Travel to central Saskatchewan and discover the great outdoors in the town of Outlook. There are several places to visit and explore in this scenic area.

Canada’s longest pedestrian bridge, the SkyTrail is 3,000 feet long and sits 150 feet above the South Saskatchewan River. A former Canadian Pacific Railway bridge, the SkyTrail is now a part of the Trans Canada Trail and has interpretive information about the project and its history at the town-side entrance to the bridge. It's a great place to get a birds-eye view of the entire town and the regional park directly below it.

Nestled along the river with the SkyTrail to its north and a picturesque former traffic bridge to its south, the 100 acres that make up the Outlook and District Regional Park boast recreation amenities galore for RVers. Offering spacious campsites, an outdoor swimming pool and plenty of trails, this park also has a nine-hole golf course.

The Canada-Saskatchewan Irrigation Diversification Centre is an active research centre that has helped to make Outlook an agricultural hub. The centre offers public tours and demonstrations that give an insider's look into irrigation and technology.

If you’re looking for a story, you’ll find plenty at the Outlook and District Heritage Museum. Knowledgeable staff can regale you with tales of the 3,000-plus photographs and artifacts the museum houses—all of which came directly from Outlook residents. The museum is located in the town’s former Canadian Pacific Railway station built in 1909.

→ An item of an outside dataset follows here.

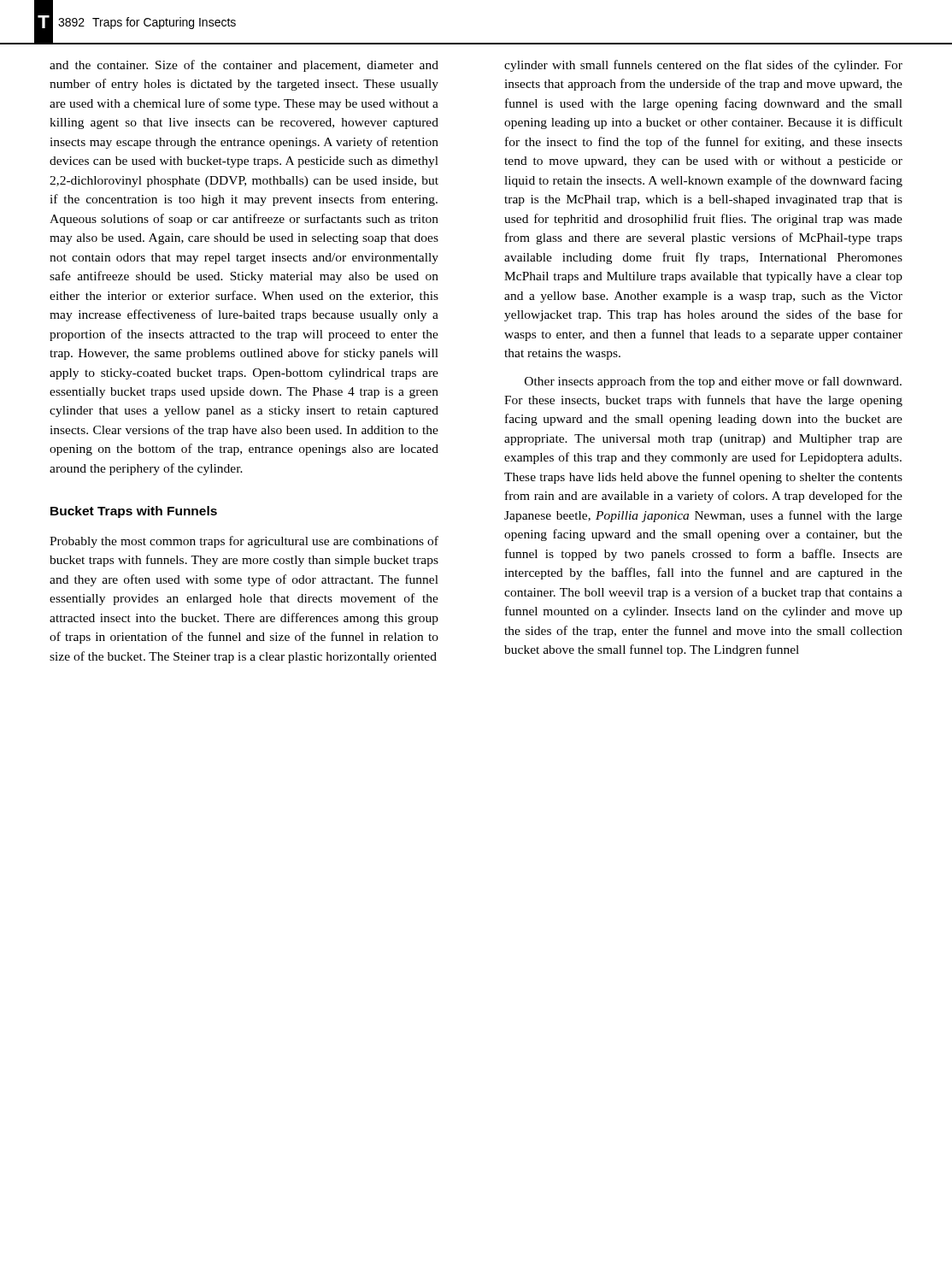Image resolution: width=952 pixels, height=1282 pixels.
Task: Click on the text starting "Other insects approach from the top and"
Action: click(x=703, y=515)

No trip to Outlook would be complete without seeing the engineering marvel that is the Gardiner Dam. Gardiner Dam was built in 1967 and helped to create the 225-kilometre-long Lake Diefenbaker, which lies adjacent to it. Here you can drive across the dam to the interpretive centre and enjoy one of the best sandy beaches and picnic areas Lake Diefenbaker has to offer. Learn about the building of the dam, tour the hydro power station that the dam supplies or take a hike along the Trans Canada Trail.